→ **Required work**
Leaving out every picture, retype the lines below from the top through the one that contains "- plant pot from (132, 194) to (441, 479)".

→ **Source records**
↓↓↓

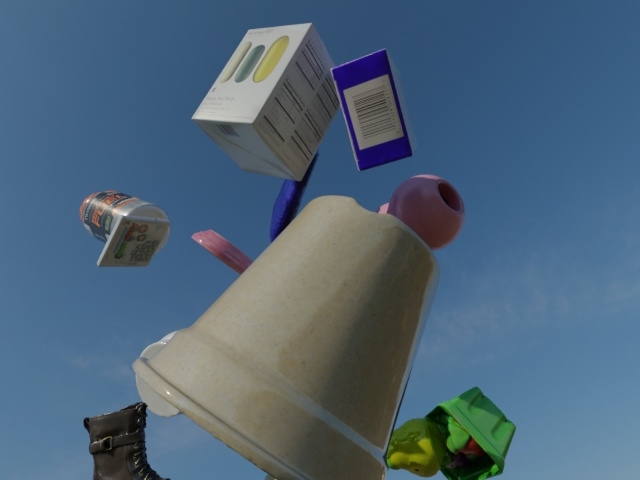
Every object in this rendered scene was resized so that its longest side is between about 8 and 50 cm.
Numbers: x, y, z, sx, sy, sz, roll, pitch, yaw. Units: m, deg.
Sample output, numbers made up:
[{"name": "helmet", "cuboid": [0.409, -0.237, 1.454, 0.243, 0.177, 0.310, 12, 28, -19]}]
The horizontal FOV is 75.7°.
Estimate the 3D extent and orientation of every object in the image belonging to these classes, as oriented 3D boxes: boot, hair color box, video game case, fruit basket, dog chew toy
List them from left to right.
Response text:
[{"name": "video game case", "cuboid": [-0.494, 0.006, 1.096, 0.143, 0.019, 0.157, 6, -58, -58]}, {"name": "boot", "cuboid": [-0.411, 0.487, 0.931, 0.262, 0.229, 0.091, -5, -24, -5]}, {"name": "hair color box", "cuboid": [0.127, -0.262, 0.854, 0.109, 0.339, 0.186, -13, -78, 19]}, {"name": "dog chew toy", "cuboid": [0.233, -0.034, 1.150, 0.206, 0.207, 0.331, 21, -40, -29]}, {"name": "fruit basket", "cuboid": [0.397, 0.680, 1.352, 0.391, 0.283, 0.392, -34, -26, -19]}]

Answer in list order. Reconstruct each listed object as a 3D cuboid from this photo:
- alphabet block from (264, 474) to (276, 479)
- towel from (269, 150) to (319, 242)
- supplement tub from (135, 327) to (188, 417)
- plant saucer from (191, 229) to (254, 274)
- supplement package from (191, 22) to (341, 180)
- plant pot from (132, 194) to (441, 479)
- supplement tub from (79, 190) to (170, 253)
[{"name": "alphabet block", "cuboid": [-0.037, 0.703, 1.077, 0.192, 0.197, 0.193, 44, -74, -10]}, {"name": "towel", "cuboid": [-0.086, -0.161, 1.263, 0.076, 0.228, 0.309, 20, -67, -6]}, {"name": "supplement tub", "cuboid": [-0.364, 0.383, 1.272, 0.241, 0.241, 0.331, -36, -15, 19]}, {"name": "plant saucer", "cuboid": [-0.415, 0.059, 1.831, 0.084, 0.332, 0.332, -54, -50, -10]}, {"name": "supplement package", "cuboid": [-0.105, -0.308, 0.932, 0.198, 0.199, 0.263, 46, -114, -51]}, {"name": "plant pot", "cuboid": [-0.003, 0.121, 0.539, 0.306, 0.333, 0.334, -56, -45, -22]}, {"name": "supplement tub", "cuboid": [-0.707, -0.068, 1.475, 0.315, 0.194, 0.194, 17, -37, 32]}]
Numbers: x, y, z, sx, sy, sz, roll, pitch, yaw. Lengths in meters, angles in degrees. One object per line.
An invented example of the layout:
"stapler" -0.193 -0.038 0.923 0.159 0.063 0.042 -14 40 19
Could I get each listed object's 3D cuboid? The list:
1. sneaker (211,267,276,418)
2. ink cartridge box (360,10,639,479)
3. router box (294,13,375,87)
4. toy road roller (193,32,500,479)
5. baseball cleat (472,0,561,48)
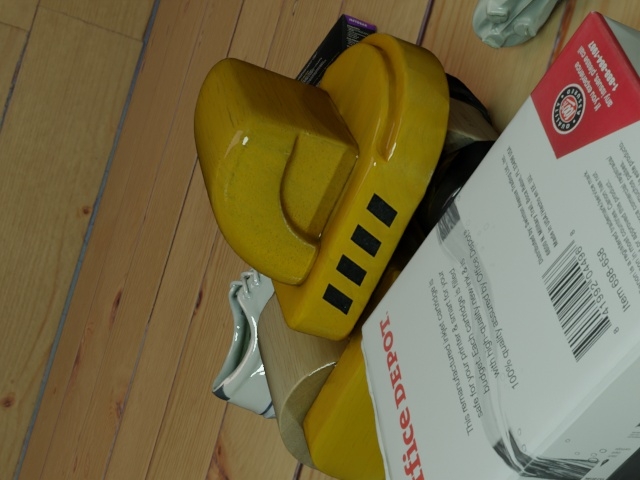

↑↑↑

→ **Expected answer**
Every object in this rendered scene was resized so that its longest side is between about 8 and 50 cm.
Numbers: x, y, z, sx, sy, sz, roll, pitch, yaw. Units: m, deg.
Sample output, numbers made up:
[{"name": "helmet", "cuboid": [0.409, -0.237, 1.454, 0.243, 0.177, 0.310, 12, 28, -19]}]
The horizontal FOV is 75.7°.
Estimate the 3D extent and orientation of every object in the image belonging to these classes, as oriented 3D boxes: boot, hair color box, video game case, fruit basket, dog chew toy
List them from left to right.
Response text:
[{"name": "video game case", "cuboid": [-0.494, 0.006, 1.096, 0.143, 0.019, 0.157, 6, -58, -58]}, {"name": "boot", "cuboid": [-0.411, 0.487, 0.931, 0.262, 0.229, 0.091, -5, -24, -5]}, {"name": "hair color box", "cuboid": [0.127, -0.262, 0.854, 0.109, 0.339, 0.186, -13, -78, 19]}, {"name": "dog chew toy", "cuboid": [0.233, -0.034, 1.150, 0.206, 0.207, 0.331, 21, -40, -29]}, {"name": "fruit basket", "cuboid": [0.397, 0.680, 1.352, 0.391, 0.283, 0.392, -34, -26, -19]}]

Answer in list order. Reconstruct each listed object as a 3D cuboid from this photo:
- alphabet block from (264, 474) to (276, 479)
- towel from (269, 150) to (319, 242)
- supplement tub from (135, 327) to (188, 417)
- plant saucer from (191, 229) to (254, 274)
- supplement package from (191, 22) to (341, 180)
- plant pot from (132, 194) to (441, 479)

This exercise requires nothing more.